[Records drawn from a dataset]
* * * * * * *

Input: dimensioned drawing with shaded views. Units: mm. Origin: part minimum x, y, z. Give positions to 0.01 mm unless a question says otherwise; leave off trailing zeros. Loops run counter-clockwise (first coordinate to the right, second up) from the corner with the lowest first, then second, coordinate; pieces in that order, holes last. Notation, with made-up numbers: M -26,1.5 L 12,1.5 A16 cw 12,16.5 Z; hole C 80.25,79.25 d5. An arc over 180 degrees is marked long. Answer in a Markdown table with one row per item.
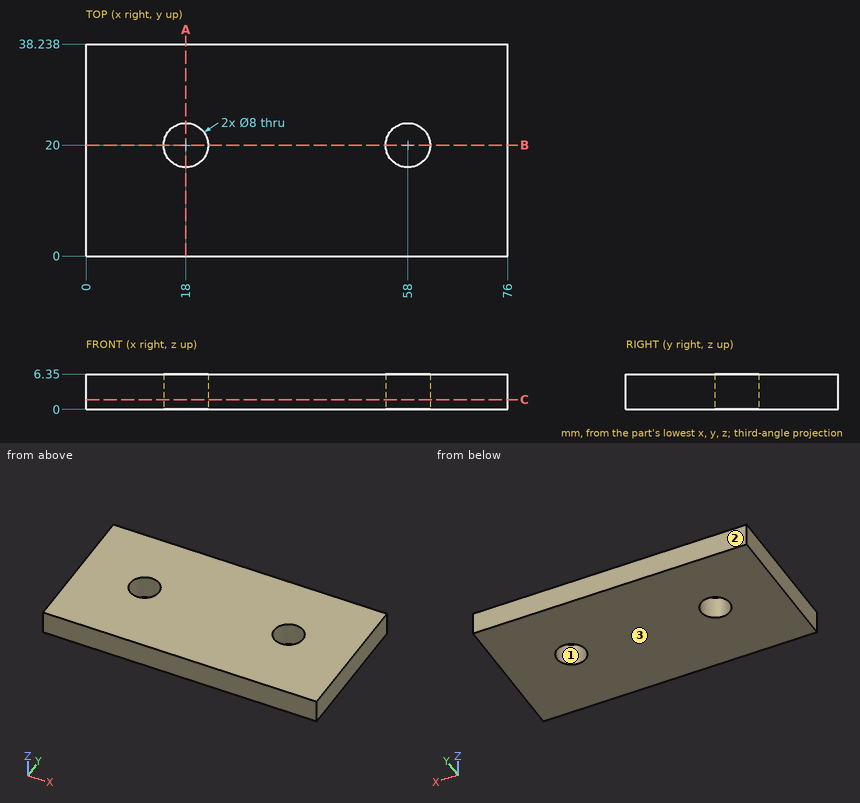
Q1. Mould query, pull axis Y, two halves, no side actions, for the marked faces 1, 2 and 3. Classes: +Y half, -Y half, draft (parallel to the pull), parting line (faces both ways), or undercut.
Values follow:
| item | result |
|---|---|
| face 1 | undercut |
| face 2 | +Y half |
| face 3 | draft |
Q2. Ray query, probe 1 along X at (y, z) = (22.5, 2); probe 2 along Y at (x, z) = (18, 5); probe 3 along X at (y, z) = (19, 1.5). Return the intervals inside material, ascending. Write a range as from..to.
Values follow:
| item | result |
|---|---|
| probe 1 | 0..14.88, 21.12..54.88, 61.12..76 |
| probe 2 | 0..16, 24..38.24 |
| probe 3 | 0..14.13, 21.87..54.13, 61.87..76 |
Q3. Section query A-A (x = 18). Output: boundary loops of the cut face in (y, z).
Values follow:
| item | result |
|---|---|
| outline | M 0,0 L 16,0 L 16,6.35 L 0,6.35 Z; M 24,0 L 38.24,0 L 38.24,6.35 L 24,6.35 Z |
Q4. Section query C-C (z = 1.75). Output: boundary loops of the cut face in (x, y).
Values follow:
| item | result |
|---|---|
| outline | M 0,0 L 76,0 L 76,38.24 L 0,38.24 Z; hole C 18,20 d8; hole C 58,20 d8 |
Q5. Section query B-B (y = 20). Output: boundary loops of the cut face in (x, z), plus the area to 3 significant figures.
Values follow:
| item | result |
|---|---|
| outline | M 0,0 L 14,0 L 14,6.35 L 0,6.35 Z; M 22,0 L 54,0 L 54,6.35 L 22,6.35 Z; M 62,0 L 76,0 L 76,6.35 L 62,6.35 Z |
| area | 381 mm^2 |

* * * * * * *

Give back, word for word, only the lines from the one containing "Q4. Section query" through the closing line of the entries.

Q4. Section query C-C (z = 1.75). Output: boundary loops of the cut face in (x, y).
Values follow:
| item | result |
|---|---|
| outline | M 0,0 L 76,0 L 76,38.24 L 0,38.24 Z; hole C 18,20 d8; hole C 58,20 d8 |
Q5. Section query B-B (y = 20). Output: boundary loops of the cut face in (x, z), plus the area to 3 significant figures.
Values follow:
| item | result |
|---|---|
| outline | M 0,0 L 14,0 L 14,6.35 L 0,6.35 Z; M 22,0 L 54,0 L 54,6.35 L 22,6.35 Z; M 62,0 L 76,0 L 76,6.35 L 62,6.35 Z |
| area | 381 mm^2 |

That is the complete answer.